■ WHAT TO WORK ON: Determine how many lines in the records include "right". Write the number and nothing more.

═══ ENTRIES SUPPLIED ═══

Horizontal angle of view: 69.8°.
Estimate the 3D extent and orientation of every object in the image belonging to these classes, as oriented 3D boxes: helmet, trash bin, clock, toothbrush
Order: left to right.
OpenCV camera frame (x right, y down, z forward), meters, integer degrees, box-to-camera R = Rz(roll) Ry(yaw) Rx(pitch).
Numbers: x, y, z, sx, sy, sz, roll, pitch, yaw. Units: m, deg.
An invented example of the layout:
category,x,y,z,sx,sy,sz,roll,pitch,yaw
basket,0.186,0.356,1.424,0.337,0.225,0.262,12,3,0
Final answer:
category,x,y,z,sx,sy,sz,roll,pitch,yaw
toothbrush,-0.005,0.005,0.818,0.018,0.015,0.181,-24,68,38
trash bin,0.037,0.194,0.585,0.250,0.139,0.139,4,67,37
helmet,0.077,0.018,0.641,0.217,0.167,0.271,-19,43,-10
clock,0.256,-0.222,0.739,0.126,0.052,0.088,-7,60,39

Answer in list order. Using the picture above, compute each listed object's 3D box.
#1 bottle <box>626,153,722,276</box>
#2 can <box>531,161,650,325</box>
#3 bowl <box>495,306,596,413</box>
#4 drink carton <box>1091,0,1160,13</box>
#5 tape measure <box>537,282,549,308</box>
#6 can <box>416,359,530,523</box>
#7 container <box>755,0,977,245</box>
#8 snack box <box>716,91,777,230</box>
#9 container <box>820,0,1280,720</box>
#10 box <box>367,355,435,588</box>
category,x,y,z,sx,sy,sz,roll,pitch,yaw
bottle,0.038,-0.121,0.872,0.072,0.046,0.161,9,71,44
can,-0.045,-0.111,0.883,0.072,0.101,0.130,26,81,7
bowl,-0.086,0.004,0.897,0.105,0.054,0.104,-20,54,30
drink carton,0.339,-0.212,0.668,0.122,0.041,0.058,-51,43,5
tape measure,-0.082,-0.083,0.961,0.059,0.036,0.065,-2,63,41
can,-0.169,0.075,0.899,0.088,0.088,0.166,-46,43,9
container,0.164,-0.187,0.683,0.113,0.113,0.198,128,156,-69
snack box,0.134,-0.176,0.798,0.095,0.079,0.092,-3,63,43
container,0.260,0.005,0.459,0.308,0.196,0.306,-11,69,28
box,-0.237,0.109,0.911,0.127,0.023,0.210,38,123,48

═══

■ SOLUTION TO THIS PROBLEM: 2